Keywords: Citation Matrix, Corrected Covered Area, Meta-review, Overlap, Overview

Introduction

As primary research as well as systematic reviews and meta-analyses grow exponentially each year, the need to systematically synthesize the evidence base by conducting a meta-review has grown as well (also known as an overview or review of reviews; as argued elsewhere,1 the term “meta-review” has the advantage of being relatively precise as the term literally means “review of reviews”; in contrast, “overview” could refer to a large number of possibilities).2,3 Meta-reviews can serve several purposes, including to compare and contrast the findings from systematic reviews and to provide a summary of the evidence and the quality of the evidence across these reviews.1,4,5 Along with the rapid growth of meta-reviews, there are numerous methodological tools and considerations, many of which are still in the early phases of development or for which there are no established guidelines.6-8 Overlap of the primary-level studies in meta-reviews is one such area for consideration, and an important one for evidence synthesis methodologists because it concerns the potential for non-independence in the primary studies across similar reviews. The extent to which systematic reviews in a particular domain include the same studies varies widely, depending on many factors.1,9 On the one hand, if reviews address similar questions with similar methods and integrate largely the same primary-level studies’ results, then their review conclusions should not differ. On the other hand, to the extent that different reviews summarize different primary studies, or use different methods, then it is understandable that their conclusions will differ. In a meta-review, both instances – review conclusion similarity and review conclusion discrepancy – occur and it is typically the task of the meta-reviewer to identify why reviews agree or disagree on important findings. To do so, meta-reviewers must first understand to what degree the underlying reviews sampled the same primary studies by examining how much study overlap occurs across included reviews.

Several efforts to address overlap have been suggested,6,7 including removing some reviews (to reduce or totally remove overlap) or by assessing and documenting the degree of overlap (which can be calculated via the Corrected Covered Area, CCA).10 These suggestions do not, however, detail ways that reviewers should address overlap for subgroups of outcomes in a meta-review, nor do they address how overlap assessment can be an important diagnostic tool at a meta-reviewer’s disposal, one which enables further inferences about the underlying body of research. Furthermore, we recommend that meta-review teams do more with the issue of non-independence via overlap than simply estimating and reporting the CCA. Specifically, this article aims to provide concrete guidance on these issues by outlining five steps to take in overlap assessment and discussing potential challenges reviewers will encounter. We also provide an empirical example of primary study overlap resulting from a recently conducted meta-review.11 In providing this guidance, we are focusing on the case of meta-reviews that sample systematic reviews that include meta-analyses, although many of our conclusions may be generalized as well to other forms of meta-reviews. Our discussion of meta-reviews primarily focuses on a narrative approach to reviewing, and as such, it should be distinguished from current statistical approaches to pool data drawn from prior meta-analyses. One, first-order meta-analysis pools individual studies’ effect sizes; the second pools estimates drawn from meta-analyses of individual study effects, respectively.12 In these cases, overlap would be a disadvantage for the reason we have stated in the text, because it over-weights the over-sampled studies (unless somehow controlled statistically).

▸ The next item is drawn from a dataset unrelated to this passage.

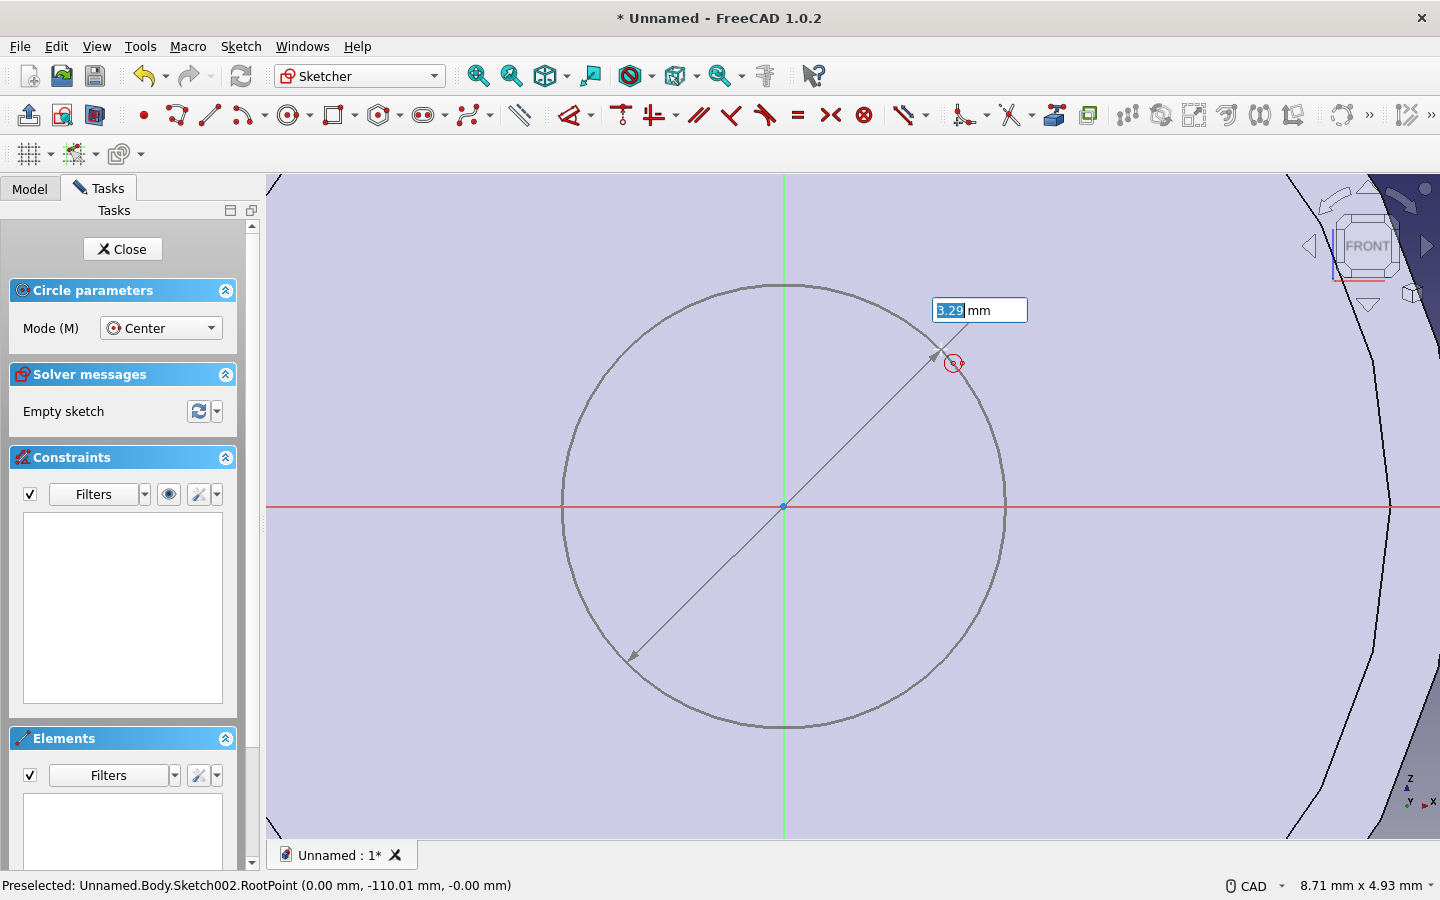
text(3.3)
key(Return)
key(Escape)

Meta-Reviews in the Context of Research Evidence

Meta-reviews are the product of a systematic synthesis of the available reviews on a given phenomenon; consequently, they can represent thousands of primary studies and hundreds of thousands of observations, perhaps even millions. If conducted rigorously and in a timely manner, then they deserve their spot at the peak of the evidence pyramid,13 providing a cumulative and systematic synthesis of all empirical literature on a particular topic that will inform research, practice, and policy. With the potential to have this much influence, it is paramount that the evidence is appropriately synthesized and presented.

Non-independence of observations in classical meta-analysis is a problem because this approach assumes each observation enters the analysis only once.14 Ignoring non-independence in the synthesis literature is akin to asking a subset of primary study participants to complete a survey multiple times (X) and keeping all of those responses in the analysis. Their responses would be represented X more than other participants and their inclusion may bias the results. (Alternatively, if the sampling strategy was flawed and missed an important segment of the population, the results might again be biased). Obviously, given the attention to reducing selection bias and ensuring generalizability of samples, this error would be problematic in the representativeness of the results. Fortunately, new techniques are emerging to solve this problem, such as robust variance estimators, multi-level modeling, and structural equation modeling.15-18

Non-independence in meta-reviews—which is labeled overlap—refers to the extent to which the primary studies in the reviews are the same or different. Yet, as we expand below, in meta-reviews, overlap among the primary-level studies sampled is typically an advantage because it simplifies the work of the meta-reviewers: Now, any differences in the conclusions reached likely stems from the methods used to summarize the evidence. In such cases, one review might have focused on a different outcome variable than another did. Or, it might have used more refined statistical modeling strategies. When overlap is lower, it can stem from many reasons: A review may have included the last several years of new studies and thus differs from earlier reviews. A review may have used different selection criteria. A review might not have optimally selected from literature databases. And so on.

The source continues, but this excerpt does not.